The devaluation of the dollar against the world's major commodities is being driven by the exceptional growth in the world's supply of dollars during the past two years. Growth in the world's supply of dollars has come from two primary sources: rising international oil prices and the very large and growing U.S. trade deficit.
Rising international oil prices during the past two years have dramatically increased global demand for and supply of dollars, which are used to buy crude oil. These dollars end up in the hands of the world's crude oil producers, who have invested some of this windfall in U.S. Treasury, agency and corporate bonds. Similarly, the U.S. trade deficit has lavished dollars on many countries that produce exports bound for the United States during the past two years. Again, most of this windfall has been invested in U.S. Treasury, agency and corporate bonds.

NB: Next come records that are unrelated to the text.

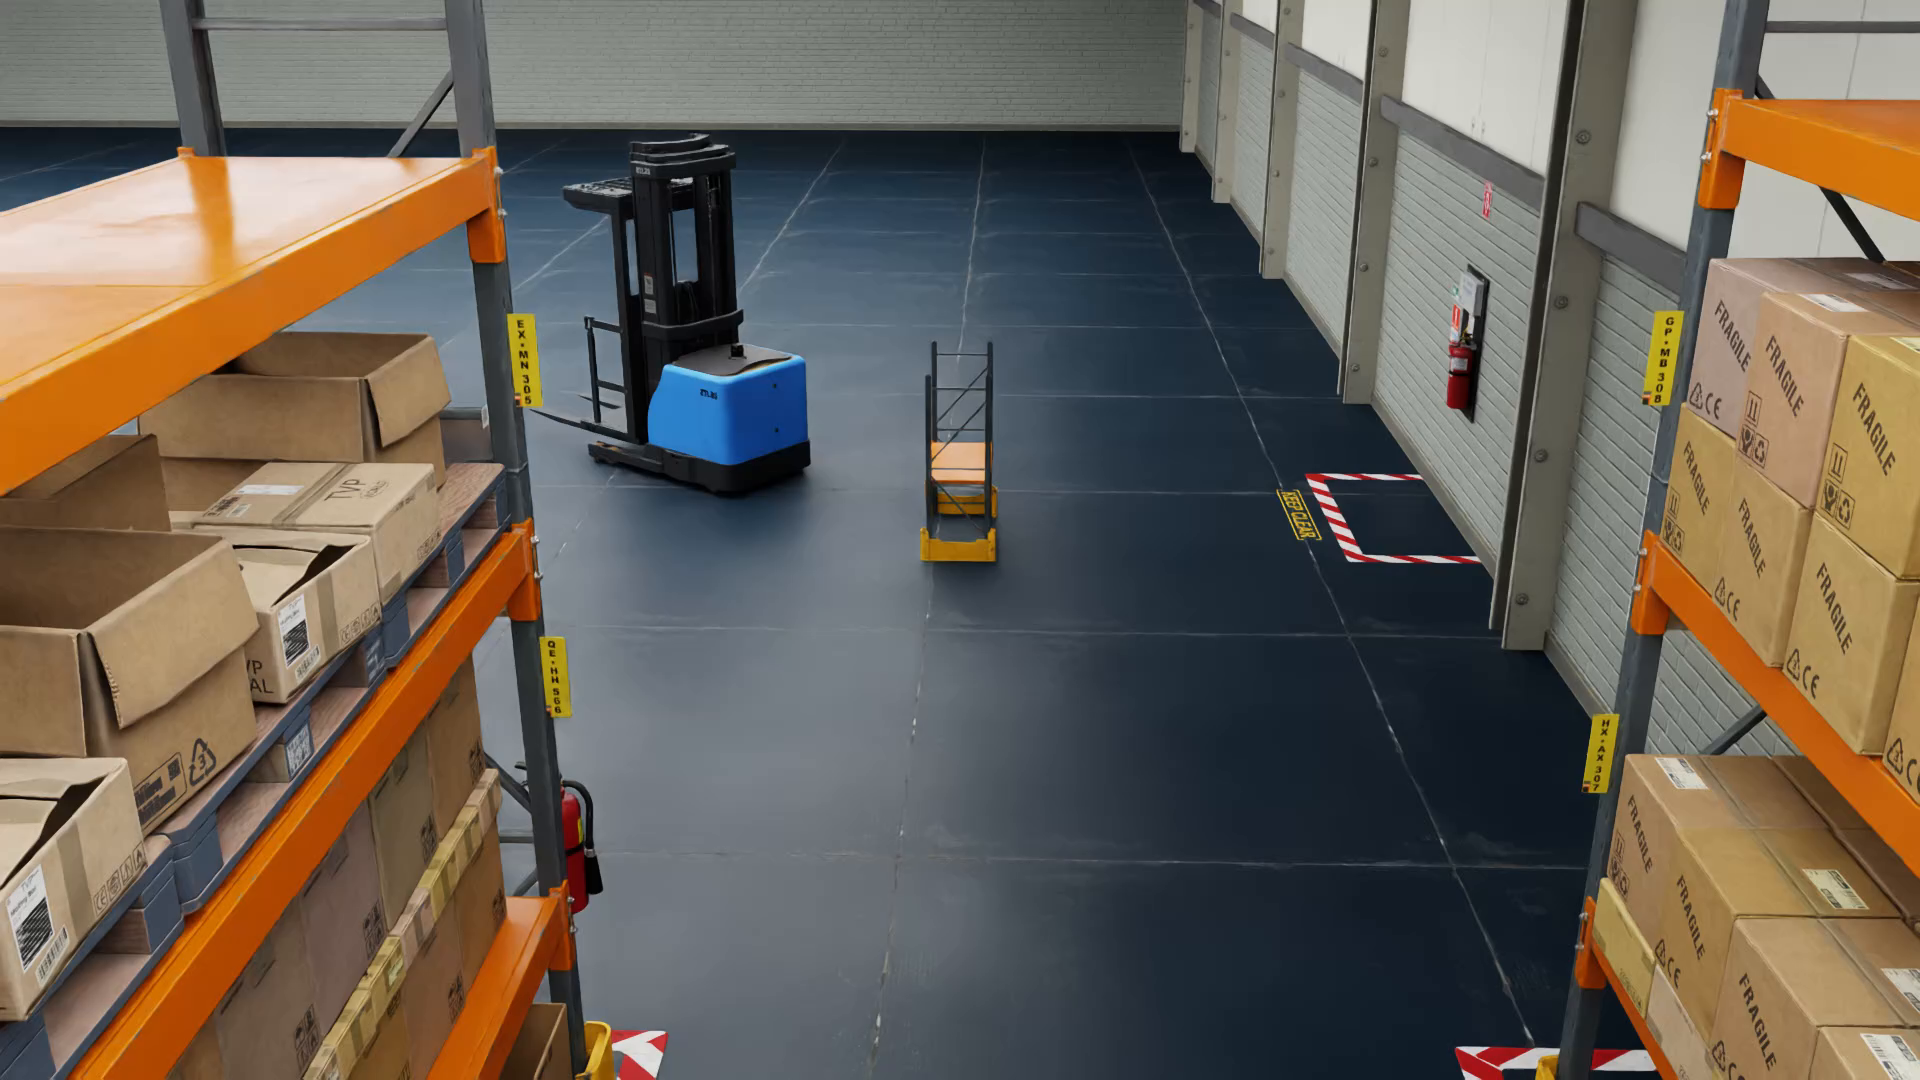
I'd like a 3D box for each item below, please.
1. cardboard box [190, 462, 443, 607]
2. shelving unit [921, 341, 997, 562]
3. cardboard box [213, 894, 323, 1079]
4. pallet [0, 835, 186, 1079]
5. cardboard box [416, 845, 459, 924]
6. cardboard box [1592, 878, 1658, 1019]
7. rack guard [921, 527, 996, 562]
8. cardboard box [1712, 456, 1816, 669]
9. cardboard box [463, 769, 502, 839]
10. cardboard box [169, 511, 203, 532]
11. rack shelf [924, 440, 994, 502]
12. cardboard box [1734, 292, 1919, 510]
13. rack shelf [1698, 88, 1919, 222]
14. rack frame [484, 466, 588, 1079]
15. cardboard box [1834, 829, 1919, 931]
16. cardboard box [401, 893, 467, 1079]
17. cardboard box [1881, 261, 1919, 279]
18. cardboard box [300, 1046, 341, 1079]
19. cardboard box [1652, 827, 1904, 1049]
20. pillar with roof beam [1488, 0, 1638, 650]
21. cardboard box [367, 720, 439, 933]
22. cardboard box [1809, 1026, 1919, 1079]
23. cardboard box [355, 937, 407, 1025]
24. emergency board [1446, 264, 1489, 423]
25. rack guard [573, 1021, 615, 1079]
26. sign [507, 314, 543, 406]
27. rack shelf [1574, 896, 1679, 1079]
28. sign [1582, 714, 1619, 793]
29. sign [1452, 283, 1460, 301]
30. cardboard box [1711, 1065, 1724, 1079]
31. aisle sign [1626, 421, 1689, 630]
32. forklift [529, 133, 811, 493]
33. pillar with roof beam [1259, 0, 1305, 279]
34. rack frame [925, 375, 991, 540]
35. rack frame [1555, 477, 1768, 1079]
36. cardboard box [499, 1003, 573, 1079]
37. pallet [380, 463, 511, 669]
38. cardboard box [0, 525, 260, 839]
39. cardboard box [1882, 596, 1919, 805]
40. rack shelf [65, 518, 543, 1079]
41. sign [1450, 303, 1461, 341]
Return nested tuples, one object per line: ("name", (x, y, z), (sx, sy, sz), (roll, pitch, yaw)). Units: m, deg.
("cardboard box", (-1.810, -0.023, 4.728), (0.500, 0.250, 0.500), (1, 21, 2))
("shelving unit", (0.002, -0.727, 13.329), (0.587, 1.500, 1.083), (1, 21, 2))
("cardboard box", (-2.107, 1.237, 4.262), (0.700, 0.500, 0.500), (1, 21, 2))
("pallet", (-2.160, 0.928, 2.967), (1.003, 0.211, 1.213), (1, 21, 2))
("cardboard box", (-1.874, 1.126, 5.446), (0.380, 0.149, 0.250), (0, 21, 1))
("cardboard box", (2.581, 1.434, 5.866), (0.500, 0.250, 0.500), (0, 21, 0))
("rack guard", (-0.013, 0.036, 13.091), (0.587, 0.250, 0.087), (1, 21, 2))
("cardboard box", (2.601, 0.058, 4.920), (0.500, 0.500, 0.500), (2, 21, 5))
("cardboard box", (-1.860, 0.938, 5.929), (0.380, 0.149, 0.250), (0, 21, 1))
("cardboard box", (-2.250, 0.028, 4.736), (0.380, 0.149, 0.250), (1, 21, 2))
("rack shelf", (0.003, -0.562, 13.402), (0.538, 0.185, 1.000), (1, 21, 2))
("cardboard box", (2.593, -0.403, 4.725), (0.500, 0.500, 0.500), (0, 21, 1))
("rack shelf", (2.852, -0.536, 3.470), (1.077, 0.370, 4.000), (1, 21, 2))
("rack frame", (-2.038, 1.147, 6.425), (1.000, 3.000, 0.127), (1, 21, 2))
("cardboard box", (3.086, 1.266, 5.262), (0.500, 0.500, 0.500), (1, 21, 2))
("cardboard box", (-2.077, 1.459, 5.483), (0.700, 0.500, 0.500), (1, 21, 3))
("cardboard box", (3.161, -0.561, 5.134), (0.500, 0.500, 0.500), (2, 21, 4))
("cardboard box", (-1.905, 1.499, 4.483), (0.380, 0.149, 0.250), (0, 21, 1))
("cardboard box", (2.573, 1.259, 5.280), (0.500, 0.500, 0.500), (1, 21, 2))
("pillar with roof beam", (-0.364, -3.551, 10.240), (9.100, 9.000, 0.400), (1, 21, 2))
("cardboard box", (-2.078, 0.874, 5.199), (0.700, 0.500, 0.500), (0, 21, 0))
("cardboard box", (2.547, 1.633, 4.317), (0.500, 0.500, 0.500), (1, 21, 3))
("cardboard box", (-1.891, 1.311, 4.967), (0.380, 0.149, 0.250), (1, 21, 3))
("emergency board", (4.052, -1.599, 13.504), (0.194, 1.169, 0.643), (1, 21, 2))
("rack guard", (-2.038, 2.304, 6.900), (1.175, 0.500, 0.348), (1, 21, 2))
("sign", (-1.496, -0.616, 5.709), (0.100, 0.325, 0.005), (1, 21, 2))
("rack shelf", (2.852, 2.259, 4.555), (1.077, 0.370, 4.000), (1, 21, 2))
("sign", (2.371, 0.791, 6.147), (0.100, 0.325, 0.005), (1, 21, 2))
("sign", (4.163, -2.060, 13.910), (0.001, 0.109, 0.331), (1, 21, 2))
("cardboard box", (2.558, 1.806, 4.907), (0.500, 0.250, 0.500), (0, 21, 1))
("aisle sign", (2.615, -0.041, 5.894), (0.394, 0.787, 0.004), (1, 21, 2))
("forklift", (-2.820, -2.193, 15.130), (3.031, 2.935, 1.130), (16, 27, 36))
("pillar with roof beam", (0.001, -7.889, 21.422), (9.100, 9.000, 0.400), (1, 21, 2))
("rack frame", (-0.013, -0.546, 12.863), (0.500, 1.500, 0.032), (1, 21, 2))
("rack frame", (2.913, 1.200, 6.288), (1.000, 3.000, 0.127), (1, 21, 2))
("cardboard box", (-1.757, 2.081, 6.203), (0.500, 0.500, 0.500), (1, 21, 2))
("pallet", (-2.086, 0.045, 5.241), (1.003, 0.211, 1.213), (1, 21, 2))
("cardboard box", (-1.984, 0.292, 3.567), (0.797, 0.503, 0.637), (3, 21, 8))
("cardboard box", (2.594, 0.440, 3.936), (0.500, 0.500, 0.500), (2, 21, 5))
("rack shelf", (-2.099, 0.807, 4.149), (1.077, 0.370, 4.000), (1, 21, 2))
("sign", (4.172, -1.815, 14.010), (0.001, 0.329, 0.234), (1, 21, 2))

To get an idea of the magnitude of growth in the world's supply of dollars during the past two years, one must calculate the dollar value of rising crude oil prices and add to this the size of the U.S. trade deficit. In 2004, global demand for crude oil grew by about four percent. Higher oil prices, which advanced by 34 percent, and demand for oil combined to increase the world's dollar supply by about $330 billion. In 2005, international crude oil prices gained another 35 percent and global demand for oil grew by only 1.6 percent. Nonetheless, the world's supply of dollars increased by a further $460 billion.
The U.S. trade deficit was $666 billion in 2004 and $782 billion in 2005. Thus, in 2004 the world's supply of dollars grew by over $1 trillion, which was overshadowed in 2005 when the supply of dollars grew by a further $1.2 trillion. Adjusting these figures downward for double counting the portion of the U.S. trade deficit linked to crude oil imports still leaves the average annual growth of the world's supply of dollars in excess of $1 trillion per year in 2004 and 2005. According to data from the U.S. Treasury, foreigners invested about $900 billion in U.S. securities in both 2004 and 2005. At the end of 2005, foreigners held about $4 trillion worth of U.S. debt securities and about $2 trillion worth of U.S. equities.
Of course, the world's supply of dollars has also been pushed higher during the past two years by rising prices of other dollar-denominated commodities such as zinc, copper silver, palladium, and tin, among others. Although most of the increase in the world's supply of dollars since 2004 has been reabsorbed into U.S. bonds and equities, as much as $600 billion remains outside of U.S. asset markets. Some of this money has undoubtedly found its way into the asset markets of other countries. Most of it, however, has been parked in alternative investments such as commodities. Rather than a bubble in commodity prices, as at least one prominent economist has asserted, recent commodity price action is indicative of a growing bubble in the world's supply of dollars.